YOUR OBJECTIVE: Use the entries below and reproduce exactly the lines from the one containing "every marker, please?" down to the one containing "1. can of meat (427, 239, 523, 351)", both of them included.

DATASET:
+ + + +
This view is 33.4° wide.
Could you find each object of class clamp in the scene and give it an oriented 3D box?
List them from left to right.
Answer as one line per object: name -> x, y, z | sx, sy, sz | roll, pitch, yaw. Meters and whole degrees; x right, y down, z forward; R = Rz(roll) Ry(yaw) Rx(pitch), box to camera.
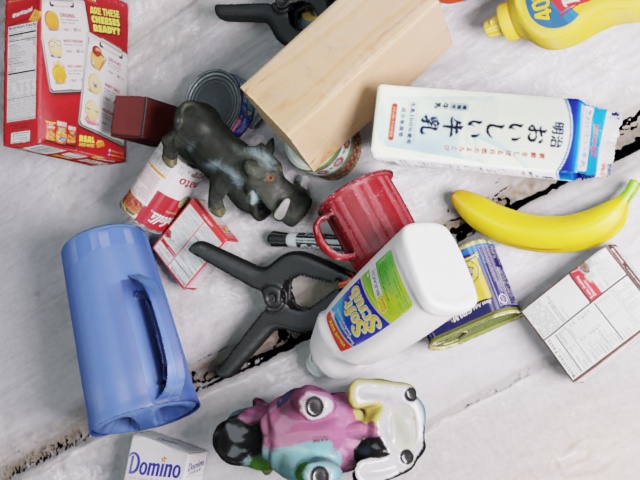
clamp -> -0.055, 0.057, 1.222 | 0.210, 0.036, 0.164 | -20, 88, 25
clamp -> -0.046, -0.266, 1.233 | 0.120, 0.039, 0.171 | -49, 63, 20

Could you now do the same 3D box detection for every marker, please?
marker -> -0.008, 0.001, 1.218 | 0.121, 0.020, 0.020 | 3, 88, 31

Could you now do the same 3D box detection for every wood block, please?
wood block -> 0.030, -0.185, 1.130 | 0.206, 0.090, 0.090 | -42, 63, -1

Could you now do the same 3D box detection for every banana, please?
banana -> 0.223, -0.020, 1.073 | 0.198, 0.037, 0.069 | -1, 67, 30

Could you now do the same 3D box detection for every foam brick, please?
foam brick -> -0.212, -0.146, 1.321 | 0.053, 0.078, 0.051 | 6, 88, 30

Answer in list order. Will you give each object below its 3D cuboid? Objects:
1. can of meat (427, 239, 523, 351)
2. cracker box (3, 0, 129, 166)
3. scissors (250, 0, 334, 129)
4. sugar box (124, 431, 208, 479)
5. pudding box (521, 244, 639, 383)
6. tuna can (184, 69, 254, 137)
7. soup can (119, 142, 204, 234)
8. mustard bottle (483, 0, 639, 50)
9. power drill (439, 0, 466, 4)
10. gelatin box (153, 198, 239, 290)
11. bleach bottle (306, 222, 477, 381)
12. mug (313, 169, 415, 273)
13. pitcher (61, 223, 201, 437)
can of meat -> 0.146, 0.056, 1.098 | 0.102, 0.057, 0.084 | -28, 71, 27
cracker box -> -0.318, -0.210, 1.339 | 0.072, 0.164, 0.214 | -4, 84, 29
scissors -> -0.029, -0.226, 1.252 | 0.202, 0.016, 0.096 | -37, 67, 23
sugar box -> -0.198, 0.329, 1.291 | 0.093, 0.048, 0.176 | 11, 93, 31
pudding box -> 0.266, 0.072, 1.035 | 0.114, 0.039, 0.090 | -43, 67, 23
tuna can -> -0.122, -0.162, 1.292 | 0.086, 0.033, 0.086 | -3, 84, 31
soup can -> -0.190, -0.067, 1.306 | 0.069, 0.068, 0.102 | 45, 108, 26
mustard bottle -> 0.252, -0.240, 1.056 | 0.192, 0.058, 0.096 | -16, 64, 30
power drill -> 0.149, -0.351, 1.130 | 0.185, 0.057, 0.187 | -6, 83, 33
gelatin box -> -0.152, 0.006, 1.299 | 0.089, 0.030, 0.073 | -49, 66, 19
bleach bottle -> 0.057, 0.085, 1.105 | 0.251, 0.067, 0.102 | -48, 52, 47
mug -> 0.047, -0.013, 1.135 | 0.081, 0.117, 0.093 | 62, 147, 14
pitcher -> -0.230, 0.103, 1.281 | 0.149, 0.145, 0.243 | -20, 72, 8
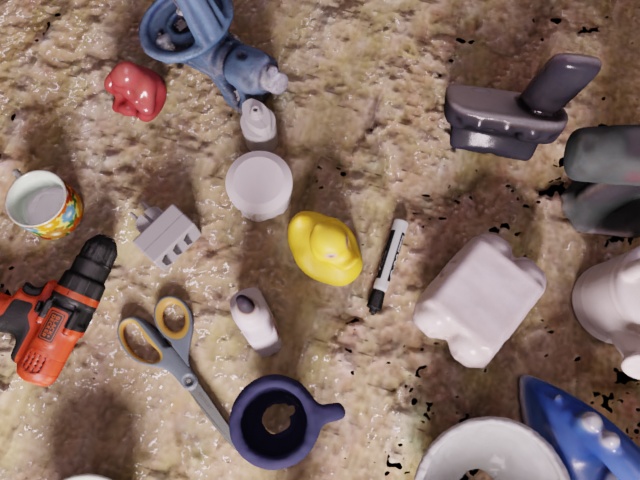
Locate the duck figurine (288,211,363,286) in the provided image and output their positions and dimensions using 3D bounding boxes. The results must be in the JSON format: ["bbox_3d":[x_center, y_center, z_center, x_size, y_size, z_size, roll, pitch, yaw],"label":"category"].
[{"bbox_3d":[0.006,0.002,0.669,0.077,0.086,0.104,-44,79,-11],"label":"duck figurine"}]

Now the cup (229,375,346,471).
[{"bbox_3d":[-0.033,0.190,0.613,0.118,0.095,0.091,-9,75,-3],"label":"cup"}]

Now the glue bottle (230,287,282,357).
[{"bbox_3d":[-0.070,0.080,0.602,0.037,0.173,0.078,-26,76,-7],"label":"glue bottle"}]

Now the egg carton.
[{"bbox_3d":[0.184,0.067,0.663,0.107,0.069,0.150,39,78,9],"label":"egg carton"}]

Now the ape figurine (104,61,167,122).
[{"bbox_3d":[-0.233,-0.192,0.715,0.076,0.092,0.078,-30,77,-8],"label":"ape figurine"}]

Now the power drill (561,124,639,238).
[{"bbox_3d":[0.370,-0.067,0.631,0.229,0.208,0.075,5,75,1],"label":"power drill"}]

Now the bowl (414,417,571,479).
[{"bbox_3d":[0.174,0.273,0.605,0.167,0.075,0.167,0,75,-1],"label":"bowl"}]

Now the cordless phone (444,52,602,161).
[{"bbox_3d":[0.229,-0.174,0.669,0.147,0.185,0.094,6,75,1],"label":"cordless phone"}]

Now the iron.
[{"bbox_3d":[0.305,0.246,0.579,0.119,0.141,0.258,-33,78,-9],"label":"iron"}]

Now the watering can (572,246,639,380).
[{"bbox_3d":[0.356,0.060,0.603,0.101,0.194,0.173,2,75,0],"label":"watering can"}]

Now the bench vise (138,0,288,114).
[{"bbox_3d":[-0.126,-0.257,0.668,0.207,0.220,0.121,16,75,4],"label":"bench vise"}]
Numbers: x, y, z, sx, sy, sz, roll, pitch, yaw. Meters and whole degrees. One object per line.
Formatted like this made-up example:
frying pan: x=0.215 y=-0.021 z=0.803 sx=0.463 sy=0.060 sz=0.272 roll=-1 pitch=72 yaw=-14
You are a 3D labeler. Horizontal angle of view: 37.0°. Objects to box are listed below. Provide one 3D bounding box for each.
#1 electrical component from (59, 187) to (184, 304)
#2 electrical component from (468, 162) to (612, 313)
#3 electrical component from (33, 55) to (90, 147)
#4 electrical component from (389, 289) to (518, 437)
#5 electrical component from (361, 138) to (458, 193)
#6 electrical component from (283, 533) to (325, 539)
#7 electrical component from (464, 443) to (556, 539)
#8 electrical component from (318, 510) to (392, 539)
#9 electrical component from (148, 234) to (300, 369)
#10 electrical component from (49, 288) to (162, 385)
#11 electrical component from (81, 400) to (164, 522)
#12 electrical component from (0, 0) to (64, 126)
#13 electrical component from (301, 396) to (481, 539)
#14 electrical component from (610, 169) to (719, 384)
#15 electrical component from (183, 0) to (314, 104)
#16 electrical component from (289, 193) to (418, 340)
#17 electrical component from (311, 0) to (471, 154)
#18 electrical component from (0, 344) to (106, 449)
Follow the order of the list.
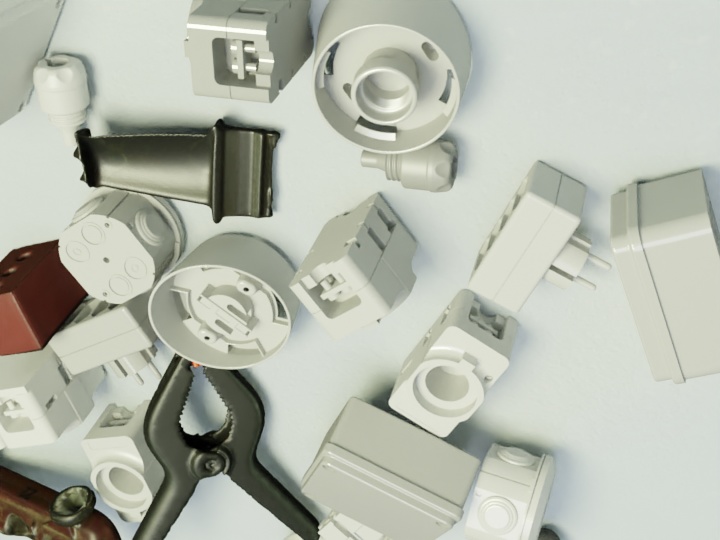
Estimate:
electrical component: x=-0.173 y=-0.020 z=0.779 sx=0.080 sy=0.051 sz=0.080 roll=8 pitch=123 yaw=12
electrical component: x=0.124 y=-0.012 z=0.695 sx=0.076 sy=0.047 sz=0.083 roll=28 pitch=125 yaw=-1
electrical component: x=-0.203 y=-0.114 z=0.740 sx=0.035 sy=0.035 sz=0.061 roll=8 pitch=126 yaw=12
electrical component: x=0.065 y=0.069 z=0.759 sx=0.050 sy=0.055 sz=0.089 roll=32 pitch=125 yaw=-4
electrical component: x=0.031 y=-0.069 z=0.696 sx=0.061 sy=0.035 sz=0.035 roll=7 pitch=123 yaw=15
electrical component: x=-0.044 y=0.254 z=0.911 sx=0.055 sy=0.055 sz=0.047 roll=3 pitch=118 yaw=15
electrical component: x=0.112 y=0.170 z=0.795 sx=0.051 sy=0.080 sz=0.080 roll=16 pitch=125 yaw=14
electrical component: x=0.005 y=0.209 z=0.873 sx=0.055 sy=0.048 sz=0.066 roll=41 pitch=124 yaw=-1
electrical component: x=-0.094 y=0.025 z=0.775 sx=0.099 sy=0.064 sz=0.099 roll=8 pitch=123 yaw=12
electrical component: x=-0.182 y=0.058 z=0.833 sx=0.083 sy=0.047 sz=0.075 roll=-20 pitch=113 yaw=27
electrical component: x=-0.187 y=0.162 z=0.895 sx=0.050 sy=0.055 sz=0.089 roll=-8 pitch=118 yaw=22
electrical component: x=-0.254 y=-0.139 z=0.695 sx=0.056 sy=0.108 sz=0.108 roll=33 pitch=125 yaw=-2
electrical component: x=0.020 y=0.153 z=0.802 sx=0.109 sy=0.056 sz=0.108 roll=27 pitch=154 yaw=0
electrical component: x=0.197 y=0.005 z=0.665 sx=0.057 sy=0.078 sz=0.113 roll=-14 pitch=116 yaw=21
electrical component: x=-0.068 y=-0.141 z=0.647 sx=0.056 sy=0.089 sz=0.050 roll=8 pitch=123 yaw=12
electrical component: x=0.000 y=0.000 z=0.715 sx=0.050 sy=0.089 sz=0.055 roll=-29 pitch=109 yaw=30
electrical component: x=0.018 y=-0.123 z=0.659 sx=0.099 sy=0.064 sz=0.099 roll=5 pitch=131 yaw=6
electrical component: x=-0.294 y=0.101 z=0.869 sx=0.150 sy=0.089 sz=0.061 roll=-10 pitch=118 yaw=22
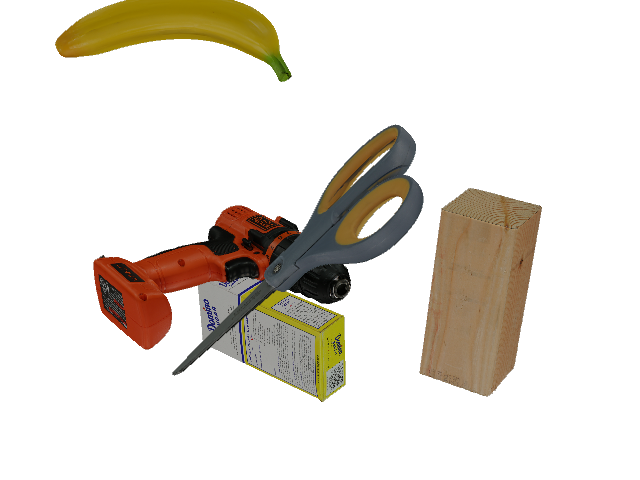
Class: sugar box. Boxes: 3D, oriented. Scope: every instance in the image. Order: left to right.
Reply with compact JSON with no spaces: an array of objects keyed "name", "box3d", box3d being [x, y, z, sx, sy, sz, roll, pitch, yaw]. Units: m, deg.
[{"name":"sugar box","box3d":[-0.054,0.096,1.147,0.176,0.093,0.048,23,38,35]}]

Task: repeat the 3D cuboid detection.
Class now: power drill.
[{"name":"power drill","box3d":[-0.090,0.033,0.941,0.187,0.057,0.185,-19,27,-31]}]

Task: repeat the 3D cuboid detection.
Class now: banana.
[{"name":"banana","box3d":[-0.120,-0.177,0.899,0.198,0.069,0.037,5,-34,-1]}]

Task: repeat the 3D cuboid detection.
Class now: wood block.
[{"name":"wood block","box3d":[0.181,0.058,1.213,0.090,0.206,0.090,17,25,25]}]

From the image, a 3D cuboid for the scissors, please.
[{"name":"scissors","box3d":[-0.010,0.020,0.601,0.016,0.202,0.096,37,5,-27]}]
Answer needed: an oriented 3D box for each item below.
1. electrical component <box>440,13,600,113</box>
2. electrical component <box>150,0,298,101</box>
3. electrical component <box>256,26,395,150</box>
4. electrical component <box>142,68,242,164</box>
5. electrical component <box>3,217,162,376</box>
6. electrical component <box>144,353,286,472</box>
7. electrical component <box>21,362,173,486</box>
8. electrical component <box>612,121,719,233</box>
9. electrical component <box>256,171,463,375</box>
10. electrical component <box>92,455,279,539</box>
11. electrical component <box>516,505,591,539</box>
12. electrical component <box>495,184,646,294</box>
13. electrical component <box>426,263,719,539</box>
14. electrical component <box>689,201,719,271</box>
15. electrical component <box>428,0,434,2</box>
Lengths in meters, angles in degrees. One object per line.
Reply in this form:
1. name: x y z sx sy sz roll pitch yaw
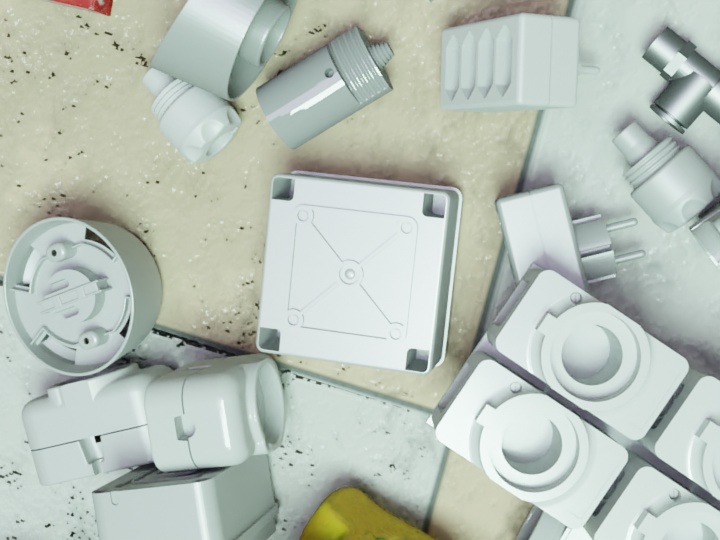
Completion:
+ + + +
COMPLETED EXERCISE:
Could you now do the same 3D box detection for every marker, please?
marker -> -0.008, 0.001, 1.218 | 0.121, 0.020, 0.020 | 3, 88, 31

Could you now do the same 3D box detection for every wood block, please?
wood block -> 0.030, -0.185, 1.130 | 0.206, 0.090, 0.090 | -42, 63, -1

Could you now do the same 3D box detection for every banana, please?
banana -> 0.223, -0.020, 1.073 | 0.198, 0.037, 0.069 | -1, 67, 30

Could you now do the same 3D box detection for every foam brick, please?
foam brick -> -0.212, -0.146, 1.321 | 0.053, 0.078, 0.051 | 6, 88, 30

Answer in list order. Will you give each object below its 3D cuboid? Objects:
1. can of meat (427, 239, 523, 351)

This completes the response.